**Task to carry out:** Copy the records below exactly as they stand. Leave out the pictures.

___

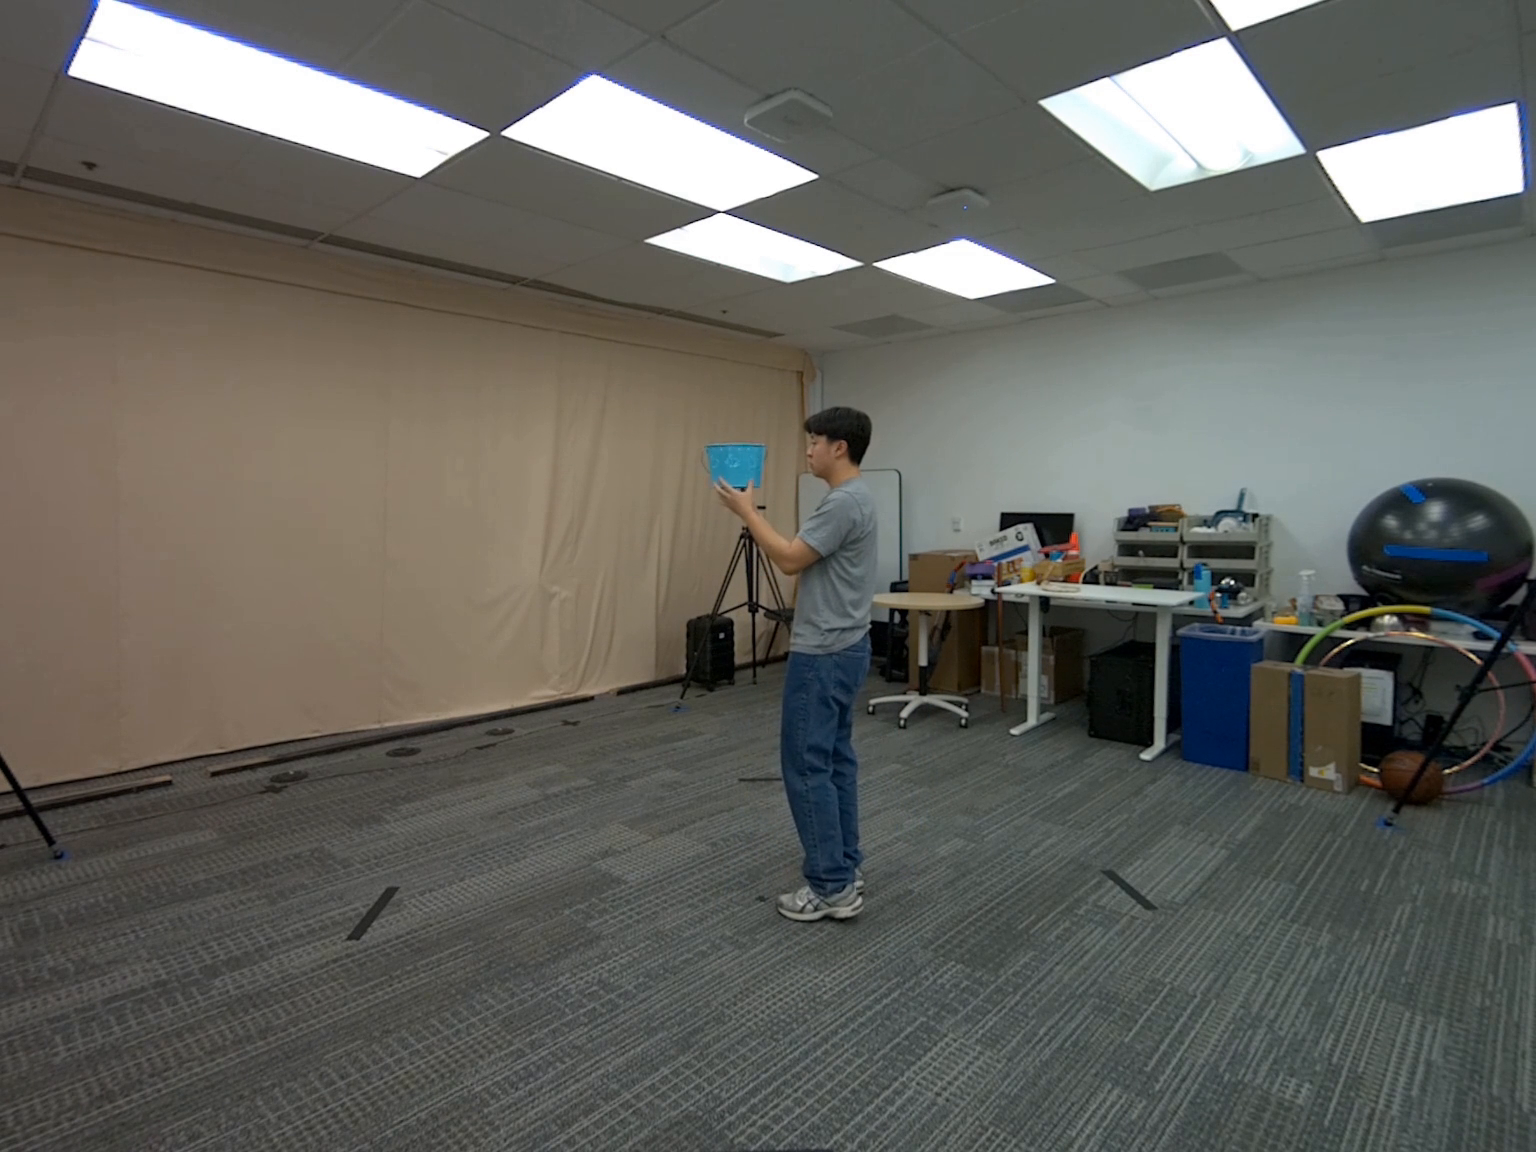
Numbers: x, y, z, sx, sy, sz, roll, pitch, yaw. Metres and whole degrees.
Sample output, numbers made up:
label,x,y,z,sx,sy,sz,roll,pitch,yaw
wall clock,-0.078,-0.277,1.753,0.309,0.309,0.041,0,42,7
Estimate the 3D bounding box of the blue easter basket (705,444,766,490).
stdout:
label,x,y,z,sx,sy,sz,roll,pitch,yaw
blue easter basket,-0.118,-0.401,3.112,0.243,0.156,0.244,-2,3,-2

___

**Response for this exercise:**
Numbers: x, y, z, sx, sy, sz, roll, pitch, yaw. Metres and whole degrees.
Sample output, numbers made up:
label,x,y,z,sx,sy,sz,roll,pitch,yaw
wall clock,-0.078,-0.277,1.753,0.309,0.309,0.041,0,42,7
Estimate the 3D bounding box of the blue easter basket (705,444,766,490).
stdout:
label,x,y,z,sx,sy,sz,roll,pitch,yaw
blue easter basket,-0.118,-0.401,3.112,0.243,0.156,0.244,-2,3,-2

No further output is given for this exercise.